I nodded. “A few, yes. But just one big one for now: Where were you when Alma Gilhooly was shot?”
Evidently this was not the question he’d been expecting, because he drew back and demanded I apologize, in a cowboy sort of way: “Hey, hold on there, Lilly gal. I think you’d best take that back.”
“Duke, do me a favor. Just answer the question. I’m late for another appointment and I know we could sit around and jaw-jack this thing to death for another hour or two, but at the moment, I’m out of time and I’m just going to have to cut right to the bottom line. I apologize, but tell me now or I promise you that neither I nor any member of my family will give you any money to run for President.”
We like straight talk out West, and in less than a heartbeat, he gave me his aw-shucks grin.
“You’re right,” he said. “I’ve got nothing to hide, but the truth is, I can’t exactly remember who I was talking to, or rather listening to. All these cocktail parties run together. All I do is listen and hope the fellow will give me some money and vote for me. I just know it was someone or other, and then I saw you take off like a rabbit down the hall with your sidearm waving. I’ll work on remembering, though. Maybe Mercedes will recall, she’s a crackerjack in that department.” He grinned over at her, evidently unaware that she had been busy
securing Johnny Bourbon’s proxy at that time.
“Where can I reach you?” Mercedes asked.
“My office knows where I am every second,” I told her. “Right now, though, Richard and I are going to the airport to pick up his family.”
A tinge of what could have been envy flared in Mercedes’s eyes. “I tried to get Richard Jerome to fall in love with me when he first got to town, but I kept having to break our dates because of business.
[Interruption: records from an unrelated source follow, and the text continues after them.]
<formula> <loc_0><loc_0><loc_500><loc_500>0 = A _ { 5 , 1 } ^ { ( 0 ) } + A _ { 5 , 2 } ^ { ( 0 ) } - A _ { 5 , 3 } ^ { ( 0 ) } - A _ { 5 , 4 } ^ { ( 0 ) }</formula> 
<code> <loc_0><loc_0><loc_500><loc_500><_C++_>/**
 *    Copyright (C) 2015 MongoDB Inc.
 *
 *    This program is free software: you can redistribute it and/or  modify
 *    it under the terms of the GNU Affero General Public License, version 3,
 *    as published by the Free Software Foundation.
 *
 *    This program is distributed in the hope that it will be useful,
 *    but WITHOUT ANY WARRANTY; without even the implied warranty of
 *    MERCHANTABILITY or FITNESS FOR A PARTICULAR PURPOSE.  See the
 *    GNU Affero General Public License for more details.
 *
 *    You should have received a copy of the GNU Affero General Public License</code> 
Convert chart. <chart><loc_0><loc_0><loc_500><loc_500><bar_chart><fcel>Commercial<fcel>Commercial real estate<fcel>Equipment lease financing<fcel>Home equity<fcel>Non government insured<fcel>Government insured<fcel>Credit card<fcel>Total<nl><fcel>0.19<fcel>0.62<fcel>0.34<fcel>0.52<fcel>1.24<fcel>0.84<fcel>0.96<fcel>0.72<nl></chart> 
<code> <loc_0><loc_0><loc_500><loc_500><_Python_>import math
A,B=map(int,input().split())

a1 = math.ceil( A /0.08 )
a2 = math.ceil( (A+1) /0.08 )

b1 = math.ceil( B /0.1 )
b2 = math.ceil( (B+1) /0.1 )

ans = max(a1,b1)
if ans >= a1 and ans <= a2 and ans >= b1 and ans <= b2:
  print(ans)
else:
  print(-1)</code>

I regret it.”
I knew I didn’t need any reassurance that I’d made the right decision, but her expression was thoughtful and gave me a nice smug glow, deep down.
“Do you want me to assign a security detail to you and Duke?” I asked. “In case the letter-writer decides to try something before the meeting?”
“No, thanks,” Mercedes answered for both of them, although I could tell Duke was just itching to have a security contingent follow him around. “I’ll have our own security beefed up. We’ll be well protected.”
“What about security at the meeting? Can we help out there?”
“No. It’s already heavy. Always. These meetings are harder to get into than the White House.”
“All right,” I said. “Just call if you want us to augment it. Also, if any more stockholders or directors call to report they’ve received one of these letters, notify my office immediately and we’ll send someone to pick up the documents.”
We shook hands at the door to her office.
“You’re lucky,” she said to me.
“I know. I’ll be in touch.”
“This is an incredible situation,” I said to Richard as I settled myself comfortably in the tan leather seat of his big old Mercedes convertible. Elias followed in his Suburban as we cruised out to the airport. Shortly it emerged like the Emerald City in the middle of nowhere on several thousand acres my father had sold to the City of Roundup after negotiating to retain the oil, gas, and mineral rights.